→ **Problem to solve**
Reproduce every record below exactly as written, but leave out any pictures.

(Extracted records)
^^^^
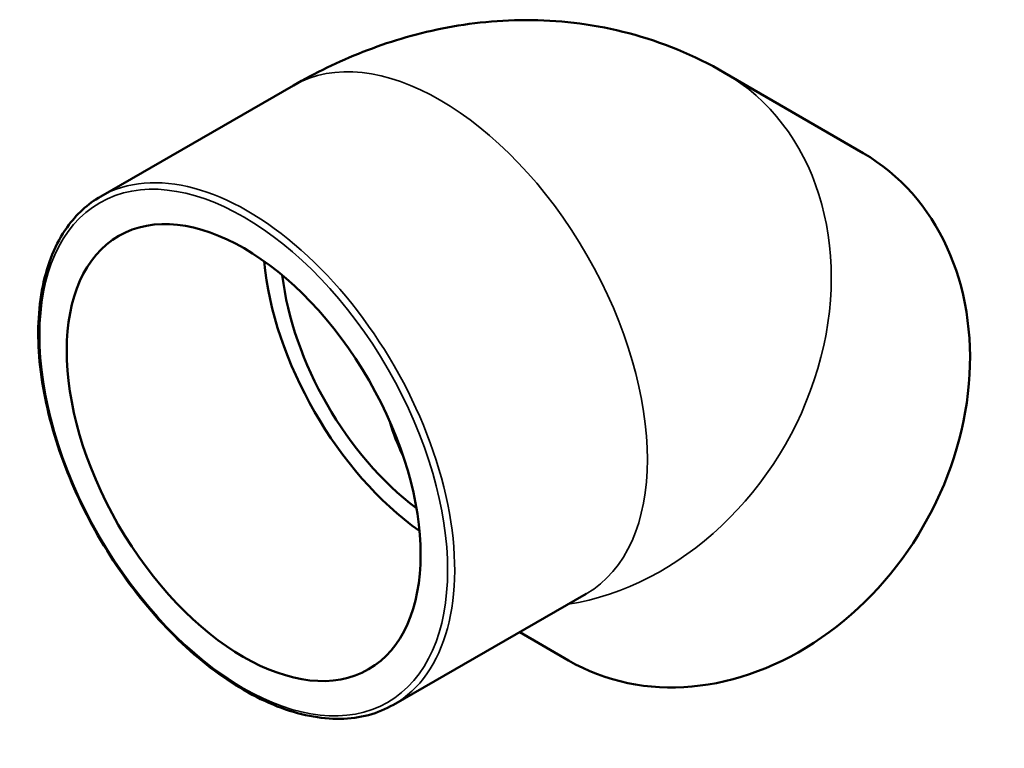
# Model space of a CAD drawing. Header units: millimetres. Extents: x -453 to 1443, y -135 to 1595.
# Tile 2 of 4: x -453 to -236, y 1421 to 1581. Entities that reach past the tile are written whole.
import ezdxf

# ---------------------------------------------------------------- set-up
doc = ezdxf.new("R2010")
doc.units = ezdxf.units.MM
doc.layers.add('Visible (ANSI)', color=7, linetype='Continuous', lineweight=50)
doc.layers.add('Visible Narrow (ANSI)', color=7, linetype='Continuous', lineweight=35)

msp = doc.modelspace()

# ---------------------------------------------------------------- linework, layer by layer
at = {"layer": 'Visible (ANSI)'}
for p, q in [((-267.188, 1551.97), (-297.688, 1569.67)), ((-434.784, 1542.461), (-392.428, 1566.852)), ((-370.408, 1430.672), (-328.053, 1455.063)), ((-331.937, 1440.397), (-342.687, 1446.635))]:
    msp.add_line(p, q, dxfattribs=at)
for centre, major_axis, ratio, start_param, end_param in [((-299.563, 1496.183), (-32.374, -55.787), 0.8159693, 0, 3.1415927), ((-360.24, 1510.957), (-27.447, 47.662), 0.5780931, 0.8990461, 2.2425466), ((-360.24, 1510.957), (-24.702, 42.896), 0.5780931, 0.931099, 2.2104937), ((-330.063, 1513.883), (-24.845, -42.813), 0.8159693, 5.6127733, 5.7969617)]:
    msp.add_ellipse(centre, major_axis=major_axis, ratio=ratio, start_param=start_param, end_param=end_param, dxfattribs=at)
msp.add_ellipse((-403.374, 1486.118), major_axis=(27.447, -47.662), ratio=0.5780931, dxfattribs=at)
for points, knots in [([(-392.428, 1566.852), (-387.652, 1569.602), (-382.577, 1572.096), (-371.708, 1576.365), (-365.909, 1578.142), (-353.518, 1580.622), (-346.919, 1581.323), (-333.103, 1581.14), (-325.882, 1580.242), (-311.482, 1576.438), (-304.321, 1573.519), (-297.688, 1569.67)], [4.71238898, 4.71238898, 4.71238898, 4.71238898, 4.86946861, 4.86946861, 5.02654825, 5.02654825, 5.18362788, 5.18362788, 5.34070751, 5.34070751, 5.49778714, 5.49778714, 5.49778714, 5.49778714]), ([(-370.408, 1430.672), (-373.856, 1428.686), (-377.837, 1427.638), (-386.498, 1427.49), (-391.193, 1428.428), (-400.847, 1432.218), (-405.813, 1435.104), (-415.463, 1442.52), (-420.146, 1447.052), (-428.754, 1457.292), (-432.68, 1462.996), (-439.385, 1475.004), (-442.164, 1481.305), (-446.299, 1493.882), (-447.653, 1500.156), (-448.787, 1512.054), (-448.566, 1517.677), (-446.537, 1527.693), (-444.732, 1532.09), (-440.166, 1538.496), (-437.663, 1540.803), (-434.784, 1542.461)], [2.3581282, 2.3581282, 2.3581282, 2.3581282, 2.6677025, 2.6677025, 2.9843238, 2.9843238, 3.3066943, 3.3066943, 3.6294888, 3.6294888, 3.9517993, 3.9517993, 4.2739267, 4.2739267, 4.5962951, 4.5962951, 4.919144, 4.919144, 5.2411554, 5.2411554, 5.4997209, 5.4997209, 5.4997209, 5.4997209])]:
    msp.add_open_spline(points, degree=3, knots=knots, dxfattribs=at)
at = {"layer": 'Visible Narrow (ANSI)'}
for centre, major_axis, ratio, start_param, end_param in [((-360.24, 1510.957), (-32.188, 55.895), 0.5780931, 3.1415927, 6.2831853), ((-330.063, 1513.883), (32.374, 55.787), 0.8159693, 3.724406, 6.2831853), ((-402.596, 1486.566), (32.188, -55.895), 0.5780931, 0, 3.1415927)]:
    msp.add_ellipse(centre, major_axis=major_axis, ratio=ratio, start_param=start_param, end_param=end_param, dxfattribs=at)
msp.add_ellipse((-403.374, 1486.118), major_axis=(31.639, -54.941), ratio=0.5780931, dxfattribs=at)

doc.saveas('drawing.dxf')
^^^^
→ **Answer to this problem**
# Model space of a CAD drawing. Header units: millimetres. Extents: x -453 to 1443, y -135 to 1595.
# Tile 2 of 4: x -453 to -236, y 1421 to 1581. Entities that reach past the tile are written whole.
import ezdxf

# ---------------------------------------------------------------- set-up
doc = ezdxf.new("R2010")
doc.units = ezdxf.units.MM
doc.layers.add('Visible (ANSI)', color=7, linetype='Continuous', lineweight=50)
doc.layers.add('Visible Narrow (ANSI)', color=7, linetype='Continuous', lineweight=35)

msp = doc.modelspace()

# ---------------------------------------------------------------- linework, layer by layer
at = {"layer": 'Visible (ANSI)'}
for p, q in [((-267.188, 1551.97), (-297.688, 1569.67)), ((-434.784, 1542.461), (-392.428, 1566.852)), ((-370.408, 1430.672), (-328.053, 1455.063)), ((-331.937, 1440.397), (-342.687, 1446.635))]:
    msp.add_line(p, q, dxfattribs=at)
for centre, major_axis, ratio, start_param, end_param in [((-299.563, 1496.183), (-32.374, -55.787), 0.8159693, 0, 3.1415927), ((-360.24, 1510.957), (-27.447, 47.662), 0.5780931, 0.8990461, 2.2425466), ((-360.24, 1510.957), (-24.702, 42.896), 0.5780931, 0.931099, 2.2104937), ((-330.063, 1513.883), (-24.845, -42.813), 0.8159693, 5.6127733, 5.7969617)]:
    msp.add_ellipse(centre, major_axis=major_axis, ratio=ratio, start_param=start_param, end_param=end_param, dxfattribs=at)
msp.add_ellipse((-403.374, 1486.118), major_axis=(27.447, -47.662), ratio=0.5780931, dxfattribs=at)
for points, knots in [([(-392.428, 1566.852), (-387.652, 1569.602), (-382.577, 1572.096), (-371.708, 1576.365), (-365.909, 1578.142), (-353.518, 1580.622), (-346.919, 1581.323), (-333.103, 1581.14), (-325.882, 1580.242), (-311.482, 1576.438), (-304.321, 1573.519), (-297.688, 1569.67)], [4.71238898, 4.71238898, 4.71238898, 4.71238898, 4.86946861, 4.86946861, 5.02654825, 5.02654825, 5.18362788, 5.18362788, 5.34070751, 5.34070751, 5.49778714, 5.49778714, 5.49778714, 5.49778714]), ([(-370.408, 1430.672), (-373.856, 1428.686), (-377.837, 1427.638), (-386.498, 1427.49), (-391.193, 1428.428), (-400.847, 1432.218), (-405.813, 1435.104), (-415.463, 1442.52), (-420.146, 1447.052), (-428.754, 1457.292), (-432.68, 1462.996), (-439.385, 1475.004), (-442.164, 1481.305), (-446.299, 1493.882), (-447.653, 1500.156), (-448.787, 1512.054), (-448.566, 1517.677), (-446.537, 1527.693), (-444.732, 1532.09), (-440.166, 1538.496), (-437.663, 1540.803), (-434.784, 1542.461)], [2.3581282, 2.3581282, 2.3581282, 2.3581282, 2.6677025, 2.6677025, 2.9843238, 2.9843238, 3.3066943, 3.3066943, 3.6294888, 3.6294888, 3.9517993, 3.9517993, 4.2739267, 4.2739267, 4.5962951, 4.5962951, 4.919144, 4.919144, 5.2411554, 5.2411554, 5.4997209, 5.4997209, 5.4997209, 5.4997209])]:
    msp.add_open_spline(points, degree=3, knots=knots, dxfattribs=at)
at = {"layer": 'Visible Narrow (ANSI)'}
for centre, major_axis, ratio, start_param, end_param in [((-360.24, 1510.957), (-32.188, 55.895), 0.5780931, 3.1415927, 6.2831853), ((-330.063, 1513.883), (32.374, 55.787), 0.8159693, 3.724406, 6.2831853), ((-402.596, 1486.566), (32.188, -55.895), 0.5780931, 0, 3.1415927)]:
    msp.add_ellipse(centre, major_axis=major_axis, ratio=ratio, start_param=start_param, end_param=end_param, dxfattribs=at)
msp.add_ellipse((-403.374, 1486.118), major_axis=(31.639, -54.941), ratio=0.5780931, dxfattribs=at)

doc.saveas('drawing.dxf')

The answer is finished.